Recorded data
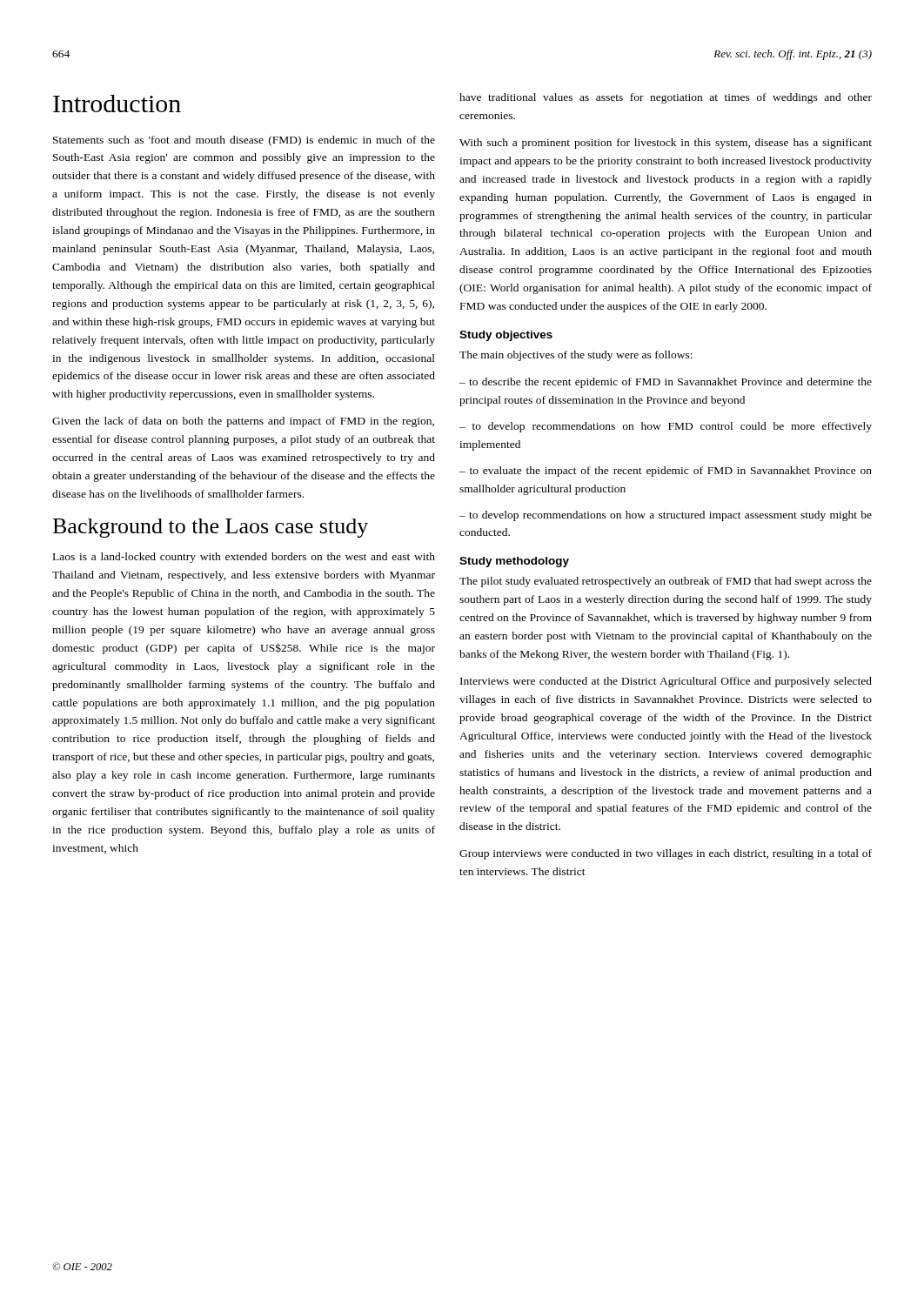Image resolution: width=924 pixels, height=1305 pixels.
Task: Click on the text starting "The pilot study evaluated retrospectively an outbreak of"
Action: click(666, 618)
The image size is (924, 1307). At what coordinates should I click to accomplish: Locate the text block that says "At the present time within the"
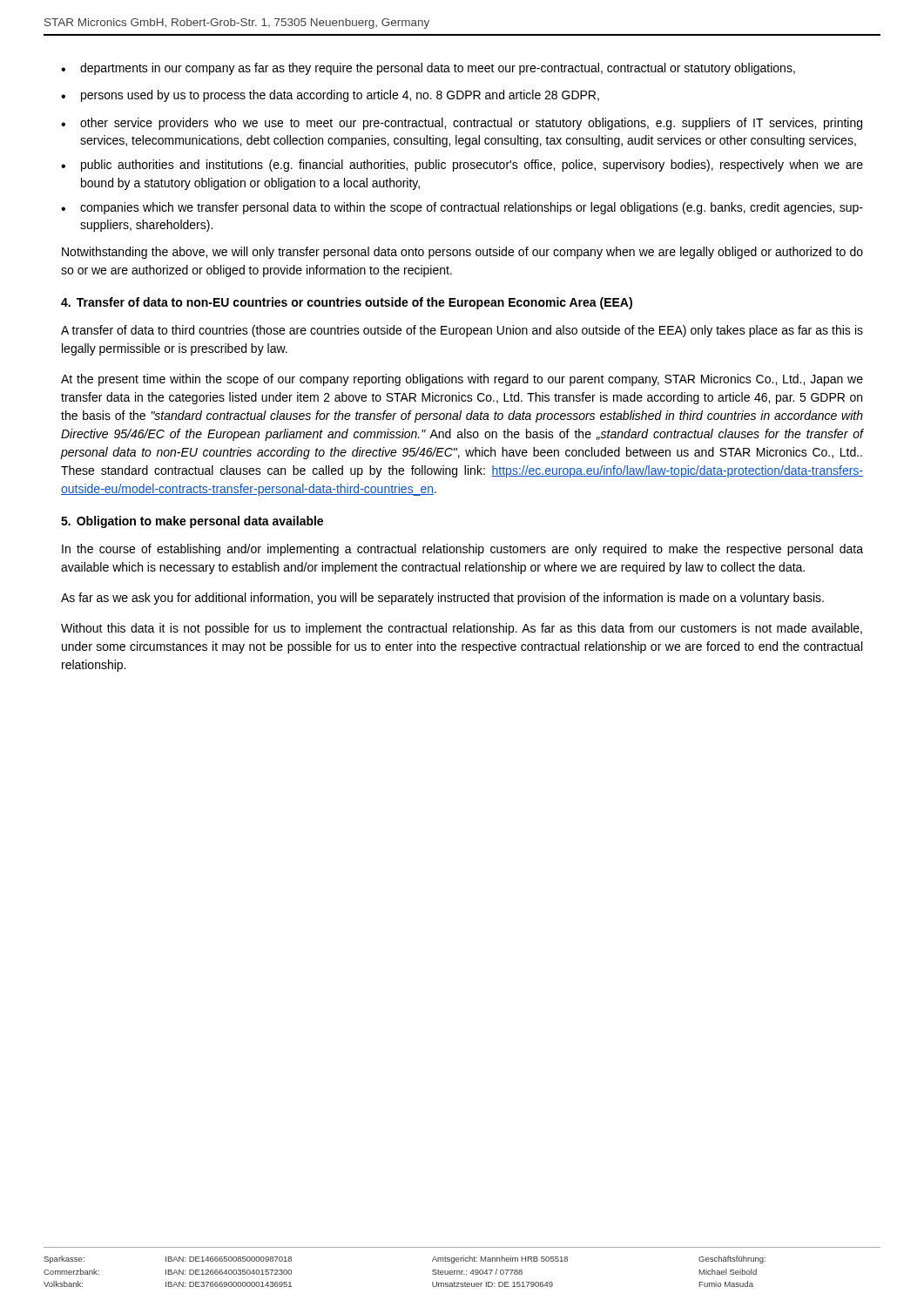[x=462, y=434]
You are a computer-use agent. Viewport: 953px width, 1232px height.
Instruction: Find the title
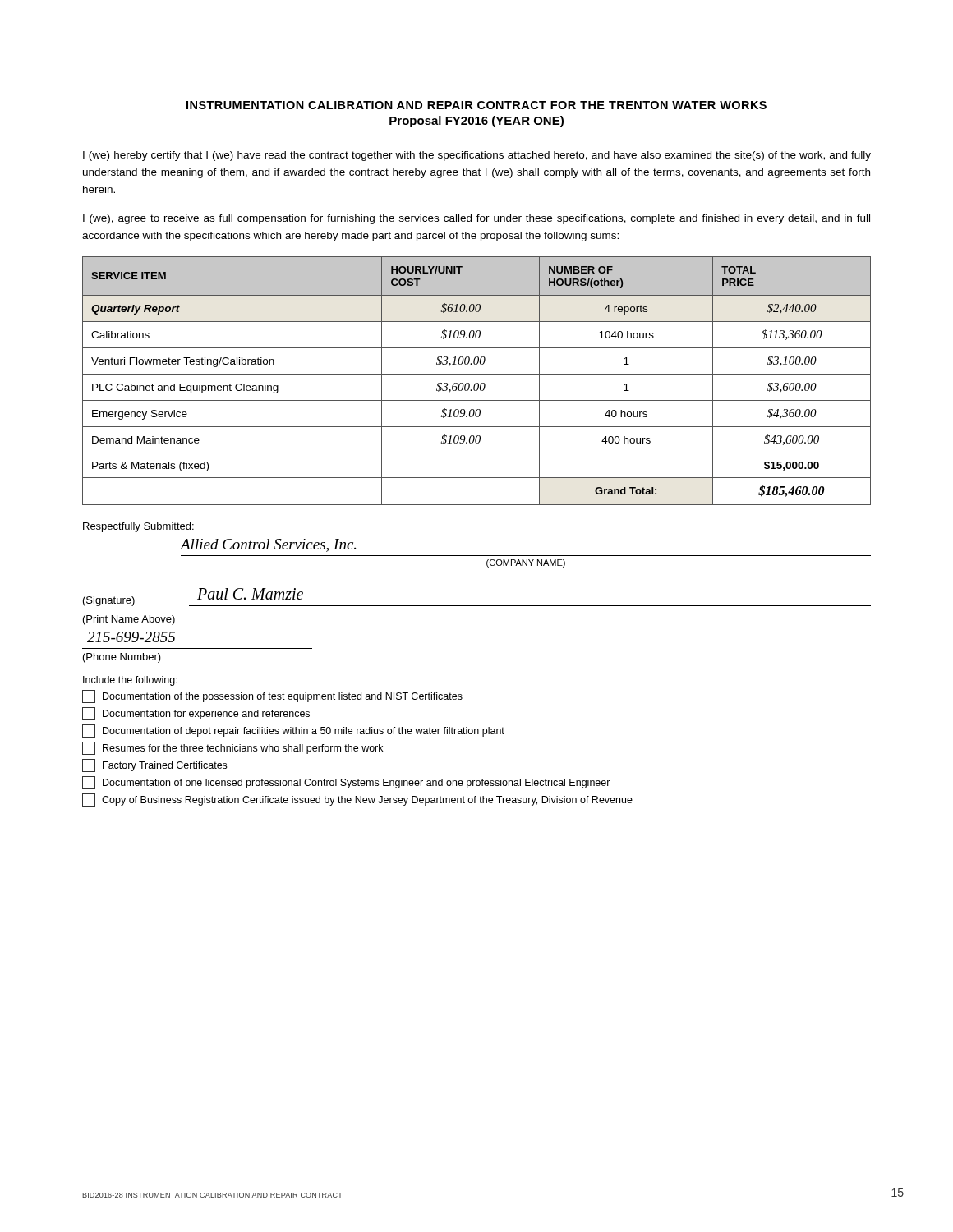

Brief
When you reach the line containing "The image size" in the records above, write out that line and every line after it through the end, exactly, but omit the pictures.

Solution
The image size is (924, 1307). At what coordinates should I click to accomplish: Locate the text block that says "At the present time within the"
[x=462, y=434]
You are a computer-use agent. Viewport: 953px width, 1232px height.
Instruction: Find the title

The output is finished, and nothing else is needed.